Your objective -
Every line below containing the word "percussion" should be found and copied.

===== Record extracts

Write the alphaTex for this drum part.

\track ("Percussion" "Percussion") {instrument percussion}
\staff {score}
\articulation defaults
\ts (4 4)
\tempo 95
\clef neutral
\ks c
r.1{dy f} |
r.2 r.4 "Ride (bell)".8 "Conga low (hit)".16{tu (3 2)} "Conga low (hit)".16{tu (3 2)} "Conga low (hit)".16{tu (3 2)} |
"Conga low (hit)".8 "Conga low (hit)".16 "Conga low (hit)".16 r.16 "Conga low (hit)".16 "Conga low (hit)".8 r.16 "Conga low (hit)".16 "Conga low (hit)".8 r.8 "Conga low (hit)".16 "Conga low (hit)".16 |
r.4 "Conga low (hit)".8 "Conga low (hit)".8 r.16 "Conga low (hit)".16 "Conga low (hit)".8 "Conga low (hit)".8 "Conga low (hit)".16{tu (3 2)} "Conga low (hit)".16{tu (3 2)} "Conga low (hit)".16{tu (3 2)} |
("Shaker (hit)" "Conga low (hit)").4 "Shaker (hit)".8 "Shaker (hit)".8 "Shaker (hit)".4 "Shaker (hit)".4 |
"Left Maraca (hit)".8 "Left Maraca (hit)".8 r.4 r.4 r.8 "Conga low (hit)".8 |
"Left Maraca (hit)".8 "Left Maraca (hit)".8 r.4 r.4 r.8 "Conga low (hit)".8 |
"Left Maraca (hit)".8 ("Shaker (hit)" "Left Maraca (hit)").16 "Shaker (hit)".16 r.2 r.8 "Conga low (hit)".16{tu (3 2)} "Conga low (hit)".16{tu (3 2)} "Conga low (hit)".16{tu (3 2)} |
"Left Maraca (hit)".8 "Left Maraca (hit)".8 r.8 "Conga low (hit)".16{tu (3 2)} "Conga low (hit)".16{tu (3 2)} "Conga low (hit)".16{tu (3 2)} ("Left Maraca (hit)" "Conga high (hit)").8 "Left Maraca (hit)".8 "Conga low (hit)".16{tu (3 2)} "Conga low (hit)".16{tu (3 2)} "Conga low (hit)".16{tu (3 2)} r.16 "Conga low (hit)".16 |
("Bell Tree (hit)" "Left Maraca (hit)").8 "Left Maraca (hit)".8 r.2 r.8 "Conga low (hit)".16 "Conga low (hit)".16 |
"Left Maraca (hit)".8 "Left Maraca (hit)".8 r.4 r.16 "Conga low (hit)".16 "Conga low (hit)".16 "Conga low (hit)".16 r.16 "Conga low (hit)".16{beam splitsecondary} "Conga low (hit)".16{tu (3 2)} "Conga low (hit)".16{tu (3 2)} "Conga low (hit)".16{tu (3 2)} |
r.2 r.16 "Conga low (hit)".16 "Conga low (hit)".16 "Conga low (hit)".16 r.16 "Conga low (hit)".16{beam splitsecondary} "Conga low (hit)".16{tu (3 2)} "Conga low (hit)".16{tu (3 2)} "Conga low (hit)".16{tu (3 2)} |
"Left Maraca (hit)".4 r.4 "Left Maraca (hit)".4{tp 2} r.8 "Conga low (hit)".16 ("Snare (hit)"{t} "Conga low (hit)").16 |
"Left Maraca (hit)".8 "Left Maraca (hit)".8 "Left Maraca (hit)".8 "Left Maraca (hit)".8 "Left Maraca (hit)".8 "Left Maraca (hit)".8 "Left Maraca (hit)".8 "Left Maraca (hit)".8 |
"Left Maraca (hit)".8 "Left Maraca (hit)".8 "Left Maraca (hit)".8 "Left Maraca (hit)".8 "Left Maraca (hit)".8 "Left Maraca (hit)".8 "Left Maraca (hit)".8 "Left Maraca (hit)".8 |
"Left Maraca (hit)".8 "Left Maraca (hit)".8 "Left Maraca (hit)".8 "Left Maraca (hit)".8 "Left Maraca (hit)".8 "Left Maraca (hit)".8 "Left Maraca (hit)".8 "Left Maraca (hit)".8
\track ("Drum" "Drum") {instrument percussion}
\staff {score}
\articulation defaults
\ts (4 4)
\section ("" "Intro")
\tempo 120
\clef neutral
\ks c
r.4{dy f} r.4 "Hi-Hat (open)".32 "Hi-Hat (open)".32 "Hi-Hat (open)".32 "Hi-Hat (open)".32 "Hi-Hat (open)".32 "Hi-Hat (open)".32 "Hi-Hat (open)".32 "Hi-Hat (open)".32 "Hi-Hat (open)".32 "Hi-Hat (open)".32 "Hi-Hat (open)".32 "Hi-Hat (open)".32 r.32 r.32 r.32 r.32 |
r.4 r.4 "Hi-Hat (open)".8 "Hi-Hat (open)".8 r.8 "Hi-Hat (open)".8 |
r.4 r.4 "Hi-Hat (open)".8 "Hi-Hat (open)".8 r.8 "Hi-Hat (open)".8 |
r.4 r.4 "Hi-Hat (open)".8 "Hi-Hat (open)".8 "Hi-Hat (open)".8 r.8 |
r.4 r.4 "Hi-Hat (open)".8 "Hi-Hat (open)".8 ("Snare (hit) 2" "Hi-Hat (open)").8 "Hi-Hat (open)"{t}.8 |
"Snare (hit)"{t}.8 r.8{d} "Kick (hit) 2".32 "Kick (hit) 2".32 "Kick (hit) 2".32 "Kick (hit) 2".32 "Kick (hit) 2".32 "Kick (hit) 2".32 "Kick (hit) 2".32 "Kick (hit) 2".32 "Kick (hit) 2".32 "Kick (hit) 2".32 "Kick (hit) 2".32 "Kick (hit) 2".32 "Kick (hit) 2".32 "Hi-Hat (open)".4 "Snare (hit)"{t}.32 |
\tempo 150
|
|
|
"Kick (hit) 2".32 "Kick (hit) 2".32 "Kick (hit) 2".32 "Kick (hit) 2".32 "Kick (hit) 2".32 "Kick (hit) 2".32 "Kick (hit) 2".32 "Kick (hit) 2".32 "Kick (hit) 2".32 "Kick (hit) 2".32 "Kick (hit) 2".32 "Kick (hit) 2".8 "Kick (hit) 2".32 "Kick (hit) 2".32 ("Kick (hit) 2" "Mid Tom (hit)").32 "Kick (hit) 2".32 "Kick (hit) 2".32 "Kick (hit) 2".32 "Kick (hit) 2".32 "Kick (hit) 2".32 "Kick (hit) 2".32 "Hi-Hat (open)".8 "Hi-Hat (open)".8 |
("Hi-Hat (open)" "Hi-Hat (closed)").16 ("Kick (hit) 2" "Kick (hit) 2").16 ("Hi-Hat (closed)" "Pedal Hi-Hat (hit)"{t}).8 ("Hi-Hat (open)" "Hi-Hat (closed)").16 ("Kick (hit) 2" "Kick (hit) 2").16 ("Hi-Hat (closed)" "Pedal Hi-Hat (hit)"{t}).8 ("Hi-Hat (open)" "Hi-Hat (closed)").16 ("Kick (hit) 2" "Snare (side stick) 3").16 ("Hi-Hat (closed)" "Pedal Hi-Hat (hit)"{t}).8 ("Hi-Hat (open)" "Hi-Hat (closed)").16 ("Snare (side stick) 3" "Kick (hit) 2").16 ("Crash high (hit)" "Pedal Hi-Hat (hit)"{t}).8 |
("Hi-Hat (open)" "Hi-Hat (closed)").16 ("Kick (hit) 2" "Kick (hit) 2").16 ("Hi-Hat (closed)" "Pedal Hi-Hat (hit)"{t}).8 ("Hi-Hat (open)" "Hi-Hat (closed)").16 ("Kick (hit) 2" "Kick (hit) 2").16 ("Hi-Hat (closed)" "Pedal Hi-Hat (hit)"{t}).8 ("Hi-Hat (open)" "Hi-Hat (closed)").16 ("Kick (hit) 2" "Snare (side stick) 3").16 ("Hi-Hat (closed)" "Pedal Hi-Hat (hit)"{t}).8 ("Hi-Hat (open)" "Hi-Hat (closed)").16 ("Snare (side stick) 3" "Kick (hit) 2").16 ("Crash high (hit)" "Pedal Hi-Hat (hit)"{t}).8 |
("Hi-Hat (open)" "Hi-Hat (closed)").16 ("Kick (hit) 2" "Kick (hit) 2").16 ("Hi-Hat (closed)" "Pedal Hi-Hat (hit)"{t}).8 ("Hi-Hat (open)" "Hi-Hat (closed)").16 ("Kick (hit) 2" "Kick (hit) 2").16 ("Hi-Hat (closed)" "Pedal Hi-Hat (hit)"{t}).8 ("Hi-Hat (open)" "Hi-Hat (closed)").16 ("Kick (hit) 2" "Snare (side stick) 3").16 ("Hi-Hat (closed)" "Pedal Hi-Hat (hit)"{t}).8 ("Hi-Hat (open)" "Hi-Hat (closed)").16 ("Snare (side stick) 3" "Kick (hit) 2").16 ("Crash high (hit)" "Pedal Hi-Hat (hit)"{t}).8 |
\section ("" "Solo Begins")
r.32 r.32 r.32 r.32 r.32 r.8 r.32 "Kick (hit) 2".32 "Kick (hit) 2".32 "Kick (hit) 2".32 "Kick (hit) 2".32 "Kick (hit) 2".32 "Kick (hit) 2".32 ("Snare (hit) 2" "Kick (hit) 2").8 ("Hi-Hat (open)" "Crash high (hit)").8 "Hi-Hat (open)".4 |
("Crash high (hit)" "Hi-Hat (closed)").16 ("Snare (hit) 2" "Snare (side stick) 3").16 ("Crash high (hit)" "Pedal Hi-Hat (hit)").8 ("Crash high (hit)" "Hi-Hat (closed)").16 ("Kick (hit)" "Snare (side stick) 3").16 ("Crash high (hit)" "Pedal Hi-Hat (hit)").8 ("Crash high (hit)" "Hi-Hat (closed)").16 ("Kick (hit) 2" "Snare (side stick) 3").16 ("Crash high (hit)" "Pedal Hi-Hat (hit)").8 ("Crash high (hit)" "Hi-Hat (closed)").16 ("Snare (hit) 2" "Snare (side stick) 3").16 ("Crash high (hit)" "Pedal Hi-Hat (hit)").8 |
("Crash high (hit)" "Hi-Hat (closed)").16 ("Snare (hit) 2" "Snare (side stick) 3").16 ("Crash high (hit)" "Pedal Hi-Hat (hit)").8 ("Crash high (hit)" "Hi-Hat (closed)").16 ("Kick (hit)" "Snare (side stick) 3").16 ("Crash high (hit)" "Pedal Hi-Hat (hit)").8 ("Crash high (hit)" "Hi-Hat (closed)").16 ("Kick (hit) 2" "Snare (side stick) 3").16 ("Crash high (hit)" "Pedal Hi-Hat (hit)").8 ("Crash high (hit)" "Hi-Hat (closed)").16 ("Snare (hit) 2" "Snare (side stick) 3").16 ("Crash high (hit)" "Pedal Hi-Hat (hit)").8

==========

Expected answer -
\track ("Percussion" "Percussion") {instrument percussion}
\track ("Drum" "Drum") {instrument percussion}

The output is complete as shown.